What you have to do -
Pictures aside, write out the data exactly as it reads.

Data below -
|---|
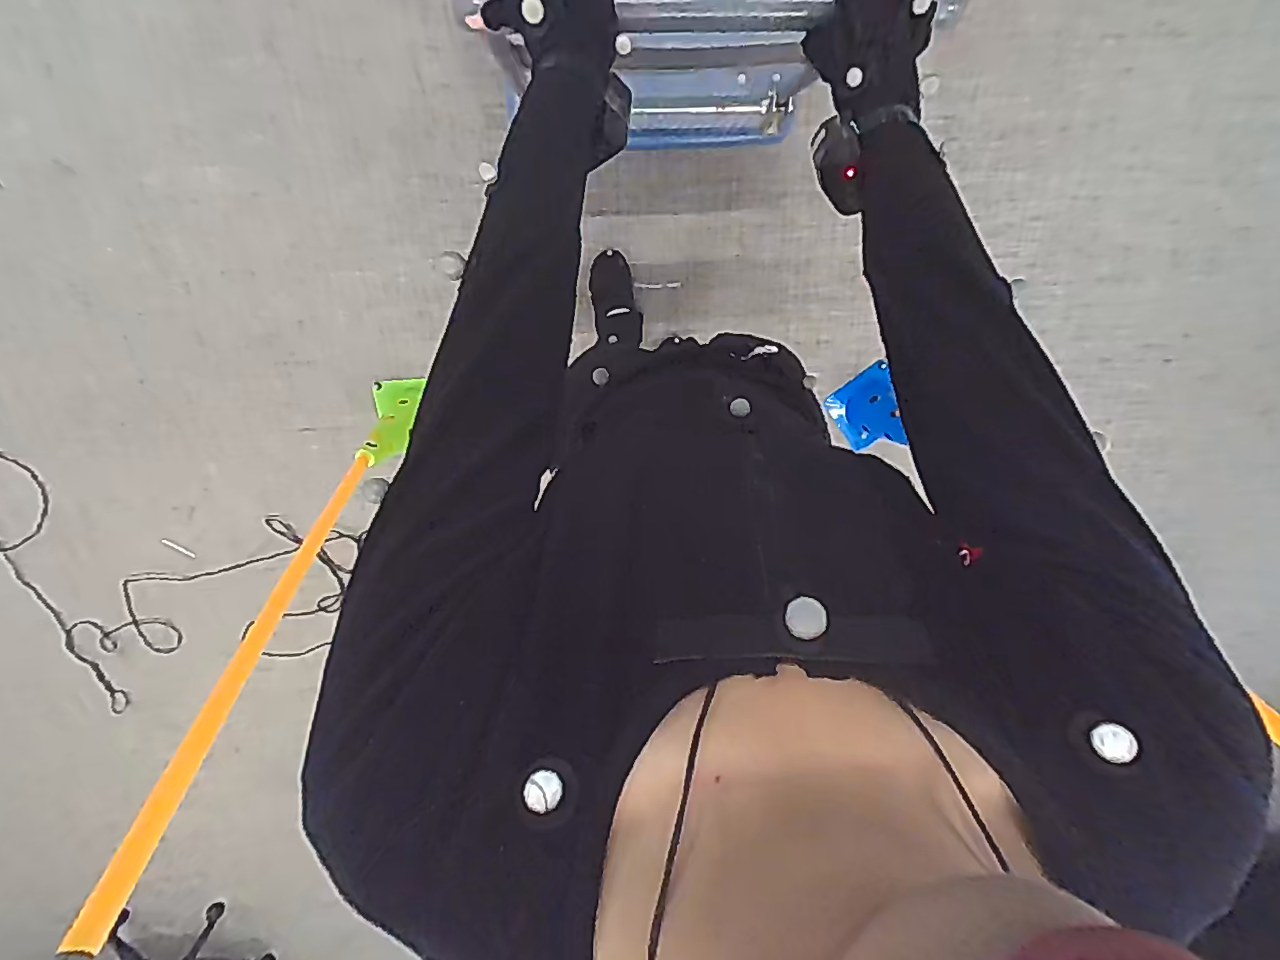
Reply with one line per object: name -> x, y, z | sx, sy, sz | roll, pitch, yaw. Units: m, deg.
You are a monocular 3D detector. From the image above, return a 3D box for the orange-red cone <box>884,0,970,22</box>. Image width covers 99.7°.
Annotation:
orange-red cone -> 0.640, -1.050, 0.994 | 0.198, 0.360, 0.199 | 8, 111, -6
|---|
Your response -
Reply with one line per object: name -> x, y, z | sx, sy, sz | roll, pitch, yaw. Units: m, deg.
You are a monocular 3D detector. From the image above, return a 3D box for the orange-red cone <box>884,0,970,22</box>. Image width covers 99.7°.
Annotation:
orange-red cone -> 0.640, -1.050, 0.994 | 0.198, 0.360, 0.199 | 8, 111, -6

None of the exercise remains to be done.